Work required |
Every line below should be copied out exactly.

Supplied records |

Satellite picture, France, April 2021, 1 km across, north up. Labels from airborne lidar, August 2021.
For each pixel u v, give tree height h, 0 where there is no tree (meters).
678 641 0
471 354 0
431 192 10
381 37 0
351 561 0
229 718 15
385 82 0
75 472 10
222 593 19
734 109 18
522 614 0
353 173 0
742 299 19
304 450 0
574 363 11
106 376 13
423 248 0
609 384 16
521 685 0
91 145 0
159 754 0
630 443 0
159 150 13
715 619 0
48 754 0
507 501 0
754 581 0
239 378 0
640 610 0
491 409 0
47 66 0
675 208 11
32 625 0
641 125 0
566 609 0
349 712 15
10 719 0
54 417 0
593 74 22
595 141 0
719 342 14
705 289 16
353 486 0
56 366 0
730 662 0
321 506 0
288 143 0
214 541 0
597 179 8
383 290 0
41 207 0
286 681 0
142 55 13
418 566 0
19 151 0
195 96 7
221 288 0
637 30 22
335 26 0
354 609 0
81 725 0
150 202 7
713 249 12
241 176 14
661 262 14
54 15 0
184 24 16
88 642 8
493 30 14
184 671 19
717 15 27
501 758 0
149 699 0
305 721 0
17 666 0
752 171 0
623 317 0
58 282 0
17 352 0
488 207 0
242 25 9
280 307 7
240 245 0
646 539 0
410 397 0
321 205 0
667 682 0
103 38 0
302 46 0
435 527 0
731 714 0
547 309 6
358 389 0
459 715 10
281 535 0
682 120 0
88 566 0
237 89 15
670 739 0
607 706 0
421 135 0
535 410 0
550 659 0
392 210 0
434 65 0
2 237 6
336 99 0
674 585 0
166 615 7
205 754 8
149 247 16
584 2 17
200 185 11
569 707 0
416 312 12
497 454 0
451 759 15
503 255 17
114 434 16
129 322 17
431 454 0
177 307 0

Written answer |
Satellite picture, France, April 2021, 1 km across, north up. Labels from airborne lidar, August 2021.
For each pixel u v, give tree height h, 0 where there is no tree (meters).
678 641 0
471 354 0
431 192 10
381 37 0
351 561 0
229 718 15
385 82 0
75 472 10
222 593 19
734 109 18
522 614 0
353 173 0
742 299 19
304 450 0
574 363 11
106 376 13
423 248 0
609 384 16
521 685 0
91 145 0
159 754 0
630 443 0
159 150 13
715 619 0
48 754 0
507 501 0
754 581 0
239 378 0
640 610 0
491 409 0
47 66 0
675 208 11
32 625 0
641 125 0
566 609 0
349 712 15
10 719 0
54 417 0
593 74 22
595 141 0
719 342 14
705 289 16
353 486 0
56 366 0
730 662 0
321 506 0
288 143 0
214 541 0
597 179 8
383 290 0
41 207 0
286 681 0
142 55 13
418 566 0
19 151 0
195 96 7
221 288 0
637 30 22
335 26 0
354 609 0
81 725 0
150 202 7
713 249 12
241 176 14
661 262 14
54 15 0
184 24 16
88 642 8
493 30 14
184 671 19
717 15 27
501 758 0
149 699 0
305 721 0
17 666 0
752 171 0
623 317 0
58 282 0
17 352 0
488 207 0
242 25 9
280 307 7
240 245 0
646 539 0
410 397 0
321 205 0
667 682 0
103 38 0
302 46 0
435 527 0
731 714 0
547 309 6
358 389 0
459 715 10
281 535 0
682 120 0
88 566 0
237 89 15
670 739 0
607 706 0
421 135 0
535 410 0
550 659 0
392 210 0
434 65 0
2 237 6
336 99 0
674 585 0
166 615 7
205 754 8
149 247 16
584 2 17
200 185 11
569 707 0
416 312 12
497 454 0
451 759 15
503 255 17
114 434 16
129 322 17
431 454 0
177 307 0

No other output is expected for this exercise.